• [Provided information]:
══════════

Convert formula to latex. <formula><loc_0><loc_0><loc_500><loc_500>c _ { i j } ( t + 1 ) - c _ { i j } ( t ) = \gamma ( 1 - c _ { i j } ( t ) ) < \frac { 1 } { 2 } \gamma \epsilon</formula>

══════════

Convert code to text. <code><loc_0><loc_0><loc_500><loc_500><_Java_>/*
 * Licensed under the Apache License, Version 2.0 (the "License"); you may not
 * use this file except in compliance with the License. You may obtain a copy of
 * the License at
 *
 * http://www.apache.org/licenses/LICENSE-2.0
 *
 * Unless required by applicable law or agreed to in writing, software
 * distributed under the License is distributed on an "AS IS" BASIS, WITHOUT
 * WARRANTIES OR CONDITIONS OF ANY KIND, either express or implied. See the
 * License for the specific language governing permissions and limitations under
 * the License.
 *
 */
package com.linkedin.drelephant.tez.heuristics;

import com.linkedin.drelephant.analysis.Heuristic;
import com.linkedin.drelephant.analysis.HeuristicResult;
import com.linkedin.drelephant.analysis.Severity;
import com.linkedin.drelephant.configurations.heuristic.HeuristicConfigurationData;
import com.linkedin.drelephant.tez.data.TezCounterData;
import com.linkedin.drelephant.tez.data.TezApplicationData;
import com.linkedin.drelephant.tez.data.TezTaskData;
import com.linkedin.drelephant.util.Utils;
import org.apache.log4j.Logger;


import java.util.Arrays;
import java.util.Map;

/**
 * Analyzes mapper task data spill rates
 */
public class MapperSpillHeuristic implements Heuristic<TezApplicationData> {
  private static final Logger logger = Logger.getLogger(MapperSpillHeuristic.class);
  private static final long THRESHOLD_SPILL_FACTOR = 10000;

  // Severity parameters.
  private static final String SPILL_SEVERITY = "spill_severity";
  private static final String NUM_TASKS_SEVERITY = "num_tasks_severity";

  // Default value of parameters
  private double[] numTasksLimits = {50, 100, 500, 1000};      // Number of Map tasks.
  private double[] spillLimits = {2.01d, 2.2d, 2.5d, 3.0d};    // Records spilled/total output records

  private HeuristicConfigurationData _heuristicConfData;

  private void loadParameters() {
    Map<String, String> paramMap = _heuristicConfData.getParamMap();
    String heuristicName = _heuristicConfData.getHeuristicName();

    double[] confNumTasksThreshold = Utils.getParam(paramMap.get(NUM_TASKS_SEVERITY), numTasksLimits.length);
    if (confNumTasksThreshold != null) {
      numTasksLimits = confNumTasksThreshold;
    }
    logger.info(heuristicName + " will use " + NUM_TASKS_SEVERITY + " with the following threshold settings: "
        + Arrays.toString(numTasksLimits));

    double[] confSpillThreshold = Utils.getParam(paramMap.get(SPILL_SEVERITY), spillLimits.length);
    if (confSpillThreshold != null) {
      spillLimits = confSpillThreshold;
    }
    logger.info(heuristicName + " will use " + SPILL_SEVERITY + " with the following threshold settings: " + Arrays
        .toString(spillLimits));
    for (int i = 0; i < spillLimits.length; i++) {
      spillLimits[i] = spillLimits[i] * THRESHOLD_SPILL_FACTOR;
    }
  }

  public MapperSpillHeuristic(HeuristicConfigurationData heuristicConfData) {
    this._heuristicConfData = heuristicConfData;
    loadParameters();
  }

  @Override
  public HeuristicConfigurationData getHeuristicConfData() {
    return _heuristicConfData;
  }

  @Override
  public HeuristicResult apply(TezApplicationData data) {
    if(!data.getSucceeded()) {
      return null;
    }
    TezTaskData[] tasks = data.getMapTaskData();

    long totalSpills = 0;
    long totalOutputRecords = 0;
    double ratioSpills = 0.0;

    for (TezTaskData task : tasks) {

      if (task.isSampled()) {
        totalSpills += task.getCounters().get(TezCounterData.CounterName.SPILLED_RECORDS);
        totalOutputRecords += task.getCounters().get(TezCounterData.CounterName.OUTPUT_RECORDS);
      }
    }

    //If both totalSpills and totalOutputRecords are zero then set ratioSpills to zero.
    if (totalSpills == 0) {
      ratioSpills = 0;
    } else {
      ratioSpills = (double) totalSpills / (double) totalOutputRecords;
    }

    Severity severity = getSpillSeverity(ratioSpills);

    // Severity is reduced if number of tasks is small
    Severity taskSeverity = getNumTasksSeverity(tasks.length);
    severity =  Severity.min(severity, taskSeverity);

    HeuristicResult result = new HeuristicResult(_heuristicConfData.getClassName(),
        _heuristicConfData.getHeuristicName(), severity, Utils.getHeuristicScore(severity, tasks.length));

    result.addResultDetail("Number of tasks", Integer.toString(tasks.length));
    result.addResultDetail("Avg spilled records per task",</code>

══════════

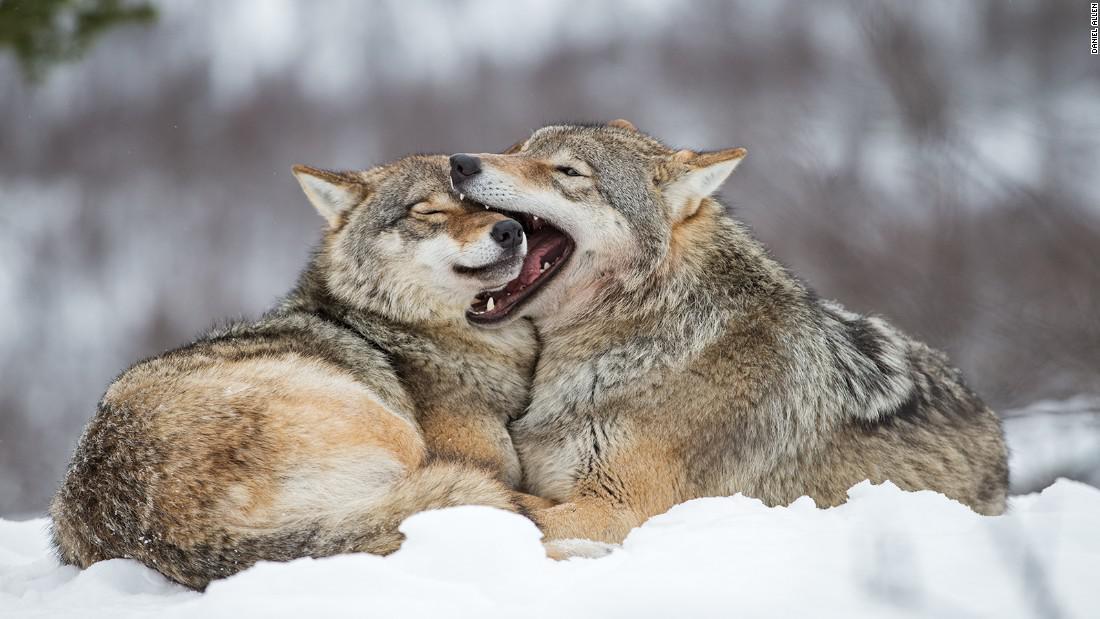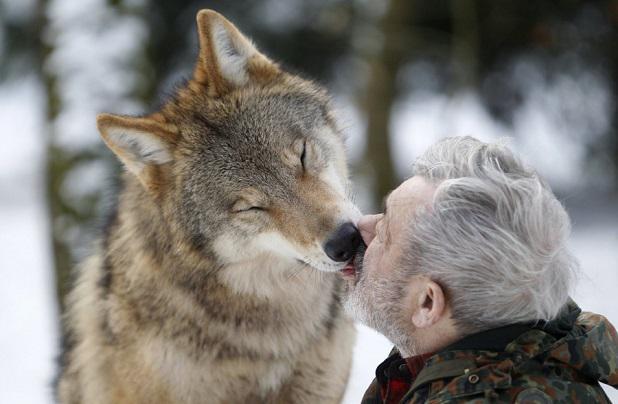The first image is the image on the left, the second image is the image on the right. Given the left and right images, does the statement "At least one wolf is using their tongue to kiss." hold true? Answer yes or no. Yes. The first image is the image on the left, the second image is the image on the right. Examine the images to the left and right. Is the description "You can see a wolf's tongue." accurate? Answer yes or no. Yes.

══════════

• [Task objective]:
Each line of the entries above that has the word "code" is to be copied.

• [Result for this task]:
Convert code to text. <code><loc_0><loc_0><loc_500><loc_500><_Java_>/*
    result.addResultDetail("Avg spilled records per task",</code>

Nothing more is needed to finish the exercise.